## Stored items
——————
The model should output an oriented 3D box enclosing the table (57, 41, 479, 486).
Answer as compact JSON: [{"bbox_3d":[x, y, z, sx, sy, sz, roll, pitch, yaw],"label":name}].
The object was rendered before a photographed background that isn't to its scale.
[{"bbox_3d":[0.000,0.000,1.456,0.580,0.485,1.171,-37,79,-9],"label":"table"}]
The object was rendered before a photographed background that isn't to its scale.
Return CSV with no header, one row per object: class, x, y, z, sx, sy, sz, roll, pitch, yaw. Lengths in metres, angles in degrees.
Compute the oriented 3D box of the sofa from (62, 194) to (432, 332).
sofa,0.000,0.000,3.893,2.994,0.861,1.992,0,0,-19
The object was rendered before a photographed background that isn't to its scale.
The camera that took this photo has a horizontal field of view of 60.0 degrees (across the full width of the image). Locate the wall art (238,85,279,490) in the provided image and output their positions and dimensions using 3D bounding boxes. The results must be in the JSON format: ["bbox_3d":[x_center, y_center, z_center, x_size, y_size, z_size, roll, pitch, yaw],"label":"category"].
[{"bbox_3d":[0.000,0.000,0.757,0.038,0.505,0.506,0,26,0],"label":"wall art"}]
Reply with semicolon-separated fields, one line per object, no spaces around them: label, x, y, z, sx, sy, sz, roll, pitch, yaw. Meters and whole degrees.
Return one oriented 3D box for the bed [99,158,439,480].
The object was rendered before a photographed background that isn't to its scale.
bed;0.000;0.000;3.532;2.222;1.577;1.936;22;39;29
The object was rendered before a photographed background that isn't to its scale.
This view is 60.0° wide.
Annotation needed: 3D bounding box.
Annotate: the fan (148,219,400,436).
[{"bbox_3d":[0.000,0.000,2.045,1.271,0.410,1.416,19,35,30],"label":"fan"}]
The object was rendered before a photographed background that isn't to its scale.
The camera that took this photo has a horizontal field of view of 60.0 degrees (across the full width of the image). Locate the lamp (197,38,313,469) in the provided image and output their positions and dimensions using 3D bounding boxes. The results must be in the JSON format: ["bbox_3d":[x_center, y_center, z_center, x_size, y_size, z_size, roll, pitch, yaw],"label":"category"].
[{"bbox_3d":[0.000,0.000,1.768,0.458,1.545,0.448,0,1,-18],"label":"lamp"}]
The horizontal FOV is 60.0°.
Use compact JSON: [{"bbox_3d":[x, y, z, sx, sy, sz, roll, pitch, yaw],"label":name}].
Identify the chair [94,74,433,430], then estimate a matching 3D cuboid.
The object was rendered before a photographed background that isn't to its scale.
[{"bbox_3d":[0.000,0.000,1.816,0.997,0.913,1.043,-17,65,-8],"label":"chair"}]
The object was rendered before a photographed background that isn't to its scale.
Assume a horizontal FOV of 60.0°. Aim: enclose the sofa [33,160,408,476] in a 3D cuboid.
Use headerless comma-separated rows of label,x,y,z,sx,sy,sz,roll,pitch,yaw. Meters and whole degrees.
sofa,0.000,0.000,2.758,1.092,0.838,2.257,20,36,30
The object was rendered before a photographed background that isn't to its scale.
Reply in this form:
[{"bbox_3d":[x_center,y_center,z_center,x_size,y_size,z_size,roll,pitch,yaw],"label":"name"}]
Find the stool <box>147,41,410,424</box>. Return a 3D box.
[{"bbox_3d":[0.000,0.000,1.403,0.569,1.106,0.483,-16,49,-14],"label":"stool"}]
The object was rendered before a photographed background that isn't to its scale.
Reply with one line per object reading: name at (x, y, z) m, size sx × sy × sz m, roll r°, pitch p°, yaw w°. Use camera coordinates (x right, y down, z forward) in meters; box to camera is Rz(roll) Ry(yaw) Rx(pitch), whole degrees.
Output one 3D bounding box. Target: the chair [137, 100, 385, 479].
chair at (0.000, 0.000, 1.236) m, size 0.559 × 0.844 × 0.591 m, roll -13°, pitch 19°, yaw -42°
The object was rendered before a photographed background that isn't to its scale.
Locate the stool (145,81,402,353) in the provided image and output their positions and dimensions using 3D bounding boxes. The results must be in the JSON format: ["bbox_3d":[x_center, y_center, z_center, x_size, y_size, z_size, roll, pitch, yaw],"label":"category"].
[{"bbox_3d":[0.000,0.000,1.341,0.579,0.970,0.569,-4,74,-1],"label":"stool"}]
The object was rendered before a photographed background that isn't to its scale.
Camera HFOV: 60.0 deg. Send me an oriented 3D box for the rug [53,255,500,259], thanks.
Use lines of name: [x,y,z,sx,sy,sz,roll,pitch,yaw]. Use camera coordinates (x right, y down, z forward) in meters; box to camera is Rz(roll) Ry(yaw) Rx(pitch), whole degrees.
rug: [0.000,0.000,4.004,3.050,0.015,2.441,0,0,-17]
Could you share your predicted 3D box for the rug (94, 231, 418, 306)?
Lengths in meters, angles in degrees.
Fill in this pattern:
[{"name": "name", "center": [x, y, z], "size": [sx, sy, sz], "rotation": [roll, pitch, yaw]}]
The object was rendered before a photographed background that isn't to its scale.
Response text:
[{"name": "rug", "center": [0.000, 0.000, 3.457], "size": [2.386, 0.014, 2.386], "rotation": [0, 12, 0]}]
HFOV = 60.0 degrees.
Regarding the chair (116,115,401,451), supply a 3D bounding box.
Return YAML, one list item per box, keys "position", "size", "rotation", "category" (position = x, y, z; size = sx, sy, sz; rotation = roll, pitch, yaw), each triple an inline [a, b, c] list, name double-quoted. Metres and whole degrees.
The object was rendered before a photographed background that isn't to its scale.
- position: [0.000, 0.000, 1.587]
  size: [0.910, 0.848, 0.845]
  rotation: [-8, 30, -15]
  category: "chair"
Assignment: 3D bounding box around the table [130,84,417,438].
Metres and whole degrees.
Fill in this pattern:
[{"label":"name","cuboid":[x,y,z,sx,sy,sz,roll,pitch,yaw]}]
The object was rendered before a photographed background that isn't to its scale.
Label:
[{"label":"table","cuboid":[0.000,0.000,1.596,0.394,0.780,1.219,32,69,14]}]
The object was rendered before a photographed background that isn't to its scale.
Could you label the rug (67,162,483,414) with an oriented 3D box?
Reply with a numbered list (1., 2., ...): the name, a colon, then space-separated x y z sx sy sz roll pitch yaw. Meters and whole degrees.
——————
## WHAT IS BEING ASKED
Each record should be returned precisely as written.

## ANSWER SPACE
The model should output an oriented 3D box enclosing the table (57, 41, 479, 486).
Answer as compact JSON: [{"bbox_3d":[x, y, z, sx, sy, sz, roll, pitch, yaw],"label":name}].
The object was rendered before a photographed background that isn't to its scale.
[{"bbox_3d":[0.000,0.000,1.456,0.580,0.485,1.171,-37,79,-9],"label":"table"}]
The object was rendered before a photographed background that isn't to its scale.
Return CSV with no header, one row per object: class, x, y, z, sx, sy, sz, roll, pitch, yaw. Lengths in metres, angles in degrees.
Compute the oriented 3D box of the sofa from (62, 194) to (432, 332).
sofa,0.000,0.000,3.893,2.994,0.861,1.992,0,0,-19
The object was rendered before a photographed background that isn't to its scale.
The camera that took this photo has a horizontal field of view of 60.0 degrees (across the full width of the image). Locate the wall art (238,85,279,490) in the provided image and output their positions and dimensions using 3D bounding boxes. The results must be in the JSON format: ["bbox_3d":[x_center, y_center, z_center, x_size, y_size, z_size, roll, pitch, yaw],"label":"category"].
[{"bbox_3d":[0.000,0.000,0.757,0.038,0.505,0.506,0,26,0],"label":"wall art"}]
Reply with semicolon-separated fields, one line per object, no spaces around them: label, x, y, z, sx, sy, sz, roll, pitch, yaw. Meters and whole degrees.
Return one oriented 3D box for the bed [99,158,439,480].
The object was rendered before a photographed background that isn't to its scale.
bed;0.000;0.000;3.532;2.222;1.577;1.936;22;39;29
The object was rendered before a photographed background that isn't to its scale.
This view is 60.0° wide.
Annotation needed: 3D bounding box.
Annotate: the fan (148,219,400,436).
[{"bbox_3d":[0.000,0.000,2.045,1.271,0.410,1.416,19,35,30],"label":"fan"}]
The object was rendered before a photographed background that isn't to its scale.
The camera that took this photo has a horizontal field of view of 60.0 degrees (across the full width of the image). Locate the lamp (197,38,313,469) in the provided image and output their positions and dimensions using 3D bounding boxes. The results must be in the JSON format: ["bbox_3d":[x_center, y_center, z_center, x_size, y_size, z_size, roll, pitch, yaw],"label":"category"].
[{"bbox_3d":[0.000,0.000,1.768,0.458,1.545,0.448,0,1,-18],"label":"lamp"}]
The horizontal FOV is 60.0°.
Use compact JSON: [{"bbox_3d":[x, y, z, sx, sy, sz, roll, pitch, yaw],"label":name}].
Identify the chair [94,74,433,430], then estimate a matching 3D cuboid.
The object was rendered before a photographed background that isn't to its scale.
[{"bbox_3d":[0.000,0.000,1.816,0.997,0.913,1.043,-17,65,-8],"label":"chair"}]
The object was rendered before a photographed background that isn't to its scale.
Assume a horizontal FOV of 60.0°. Aim: enclose the sofa [33,160,408,476] in a 3D cuboid.
Use headerless comma-separated rows of label,x,y,z,sx,sy,sz,roll,pitch,yaw. Meters and whole degrees.
sofa,0.000,0.000,2.758,1.092,0.838,2.257,20,36,30
The object was rendered before a photographed background that isn't to its scale.
Reply in this form:
[{"bbox_3d":[x_center,y_center,z_center,x_size,y_size,z_size,roll,pitch,yaw],"label":"name"}]
Find the stool <box>147,41,410,424</box>. Return a 3D box.
[{"bbox_3d":[0.000,0.000,1.403,0.569,1.106,0.483,-16,49,-14],"label":"stool"}]
The object was rendered before a photographed background that isn't to its scale.
Reply with one line per object reading: name at (x, y, z) m, size sx × sy × sz m, roll r°, pitch p°, yaw w°. Use camera coordinates (x right, y down, z forward) in meters; box to camera is Rz(roll) Ry(yaw) Rx(pitch), whole degrees.
Output one 3D bounding box. Target: the chair [137, 100, 385, 479].
chair at (0.000, 0.000, 1.236) m, size 0.559 × 0.844 × 0.591 m, roll -13°, pitch 19°, yaw -42°
The object was rendered before a photographed background that isn't to its scale.
Locate the stool (145,81,402,353) in the provided image and output their positions and dimensions using 3D bounding boxes. The results must be in the JSON format: ["bbox_3d":[x_center, y_center, z_center, x_size, y_size, z_size, roll, pitch, yaw],"label":"category"].
[{"bbox_3d":[0.000,0.000,1.341,0.579,0.970,0.569,-4,74,-1],"label":"stool"}]
The object was rendered before a photographed background that isn't to its scale.
Camera HFOV: 60.0 deg. Send me an oriented 3D box for the rug [53,255,500,259], thanks.
Use lines of name: [x,y,z,sx,sy,sz,roll,pitch,yaw]. Use camera coordinates (x right, y down, z forward) in meters; box to camera is Rz(roll) Ry(yaw) Rx(pitch), whole degrees.
rug: [0.000,0.000,4.004,3.050,0.015,2.441,0,0,-17]
Could you share your predicted 3D box for the rug (94, 231, 418, 306)?
Lengths in meters, angles in degrees.
Fill in this pattern:
[{"name": "name", "center": [x, y, z], "size": [sx, sy, sz], "rotation": [roll, pitch, yaw]}]
The object was rendered before a photographed background that isn't to its scale.
Response text:
[{"name": "rug", "center": [0.000, 0.000, 3.457], "size": [2.386, 0.014, 2.386], "rotation": [0, 12, 0]}]
HFOV = 60.0 degrees.
Regarding the chair (116,115,401,451), supply a 3D bounding box.
Return YAML, one list item per box, keys "position", "size", "rotation", "category" (position = x, y, z; size = sx, sy, sz; rotation = roll, pitch, yaw), each triple an inline [a, b, c] list, name double-quoted. Metres and whole degrees.
The object was rendered before a photographed background that isn't to its scale.
- position: [0.000, 0.000, 1.587]
  size: [0.910, 0.848, 0.845]
  rotation: [-8, 30, -15]
  category: "chair"
Assignment: 3D bounding box around the table [130,84,417,438].
Metres and whole degrees.
Fill in this pattern:
[{"label":"name","cuboid":[x,y,z,sx,sy,sz,roll,pitch,yaw]}]
The object was rendered before a photographed background that isn't to its scale.
Label:
[{"label":"table","cuboid":[0.000,0.000,1.596,0.394,0.780,1.219,32,69,14]}]
The object was rendered before a photographed background that isn't to its scale.
Could you label the rug (67,162,483,414) with an oriented 3D box?
Reply with a numbered list (1., 2., ...): the name, a colon, then space-separated x y z sx sy sz roll pitch yaw. Meters and whole degrees.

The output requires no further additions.